Valid Anagram easy

Problem Statement

Given two strings s and t, return true if t is an anagram of s, and false otherwise.

An Anagram is a word or phrase formed by rearranging the letters of a different word or phrase, typically using all the original letters exactly once.

Example 1:

Input: s = "anagram", t = "nagaram" Output: true

Example 2:

Input: s = "rat", t = "car" Output: false

Steps

  1. Check Lengths: If the lengths of s and t are different, they cannot be anagrams, so return false.

  2. Character Frequency Counting: Create a HashMap (or array if you know the character set is limited like only lowercase English letters) to store the frequency of each character in string s. Iterate through s and increment the count for each character.

  3. Compare Frequencies: Iterate through string t. For each character in t, decrement its count in the HashMap. If the count becomes negative at any point, it means t has more occurrences of that character than s, so they can't be anagrams – return false.

  4. Final Check: After iterating through t, if all counts in the HashMap are zero, it means the character frequencies in s and t are identical, therefore they are anagrams, and we return true.
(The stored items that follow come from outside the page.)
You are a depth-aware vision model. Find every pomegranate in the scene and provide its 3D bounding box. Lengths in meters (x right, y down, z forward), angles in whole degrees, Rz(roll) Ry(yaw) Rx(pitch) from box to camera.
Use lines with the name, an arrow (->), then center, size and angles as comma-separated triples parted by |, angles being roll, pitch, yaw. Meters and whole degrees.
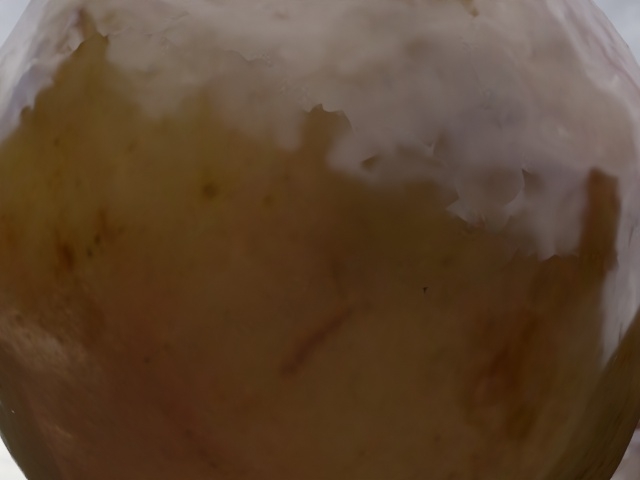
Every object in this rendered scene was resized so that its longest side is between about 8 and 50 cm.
pomegranate -> 0.000, 0.000, 0.569 | 0.411, 0.412, 0.411 | 13, -23, 5

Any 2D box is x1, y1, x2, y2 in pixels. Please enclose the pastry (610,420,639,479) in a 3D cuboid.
pastry -> 0.377, 0.211, 0.720 | 0.409, 0.245, 0.409 | 0, 17, 0
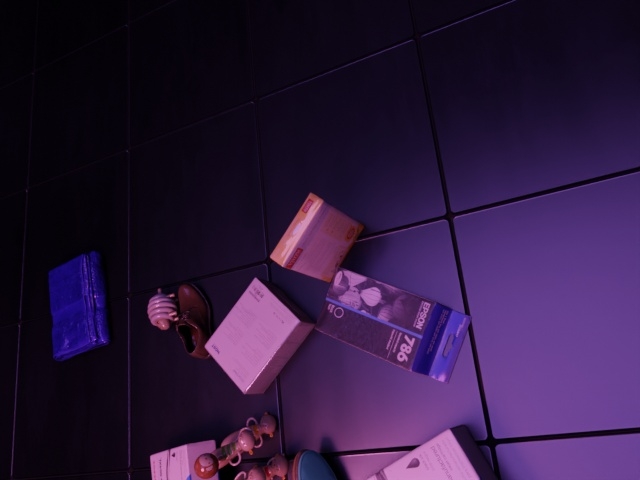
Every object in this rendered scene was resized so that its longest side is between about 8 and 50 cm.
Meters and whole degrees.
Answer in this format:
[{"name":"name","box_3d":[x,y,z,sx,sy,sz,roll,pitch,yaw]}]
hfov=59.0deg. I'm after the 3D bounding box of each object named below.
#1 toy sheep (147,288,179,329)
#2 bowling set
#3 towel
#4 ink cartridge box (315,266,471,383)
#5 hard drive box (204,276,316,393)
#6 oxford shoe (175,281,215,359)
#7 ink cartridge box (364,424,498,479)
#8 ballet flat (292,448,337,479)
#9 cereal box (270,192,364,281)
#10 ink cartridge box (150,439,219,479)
[{"name":"toy sheep","box_3d":[-0.447,0.194,1.604,0.091,0.091,0.132,-31,51,18]},{"name":"bowling set","box_3d":[-0.169,0.519,1.274,0.154,0.200,0.287,-33,51,6]},{"name":"towel","box_3d":[-0.770,0.204,1.774,0.228,0.076,0.308,-22,68,21]},{"name":"ink cartridge box","box_3d":[0.159,0.188,1.298,0.333,0.065,0.165,18,85,29]},{"name":"hard drive box","box_3d":[-0.156,0.241,1.434,0.181,0.089,0.232,41,97,30]},{"name":"oxford shoe","box_3d":[-0.351,0.211,1.542,0.083,0.096,0.227,-33,63,19]},{"name":"ink cartridge box","box_3d":[0.210,0.551,1.138,0.307,0.129,0.223,-38,63,15]},{"name":"ballet flat","box_3d":[0.018,0.636,1.238,0.342,0.116,0.124,56,137,23]},{"name":"cereal box","box_3d":[0.000,0.000,1.326,0.047,0.240,0.173,34,94,30]},{"name":"ink cartridge box","box_3d":[-0.337,0.590,1.402,0.203,0.086,0.148,-32,61,42]}]

Otherwise (if any count remains non-zero), they are not anagrams, and we return false.

Explanation

The core idea is to check if the character frequencies are the same in both strings. Using a HashMap allows us to efficiently count character frequencies. The algorithm avoids sorting, which would have a higher time complexity. Decrementing the counts in the HashMap as we iterate through the second string directly confirms if each character in the second string has a matching counterpart in the first.

Code

import java.util.HashMap;
import java.util.Map;

class Solution {
    public boolean isAnagram(String s, String t) {
        if (s.length() != t.length()) {
            return false;
        }

        Map<Character, Integer> charCount = new HashMap<>();

        // Count character frequencies in s
        for (char c : s.toCharArray()) {
            charCount.put(c, charCount.getOrDefault(c, 0) + 1);
        }

        // Decrement counts for characters in t
        for (char c : t.toCharArray()) {
            if (!charCount.containsKey(c) || charCount.get(c) == 0) {
                return false; // Character not found or count already zero
            }
            charCount.put(c, charCount.get(c) - 1);
        }

        // Check if all counts are zero
        for (int count : charCount.values()) {
            if (count != 0) {
                return false;
            }
        }

        return true;
    }
}

Complexity

  • Time Complexity: O(n), where n is the length of the strings. We iterate through the strings once each. HashMap operations (get, put) are typically O(1) on average.

  • Space Complexity: O(1) in the case of only lowercase English letters (using an array to store frequencies). If the character set is unlimited, it becomes O(n) in the worst case (using a HashMap). In practice, the space used by the HashMap is often relatively small compared to the input string lengths.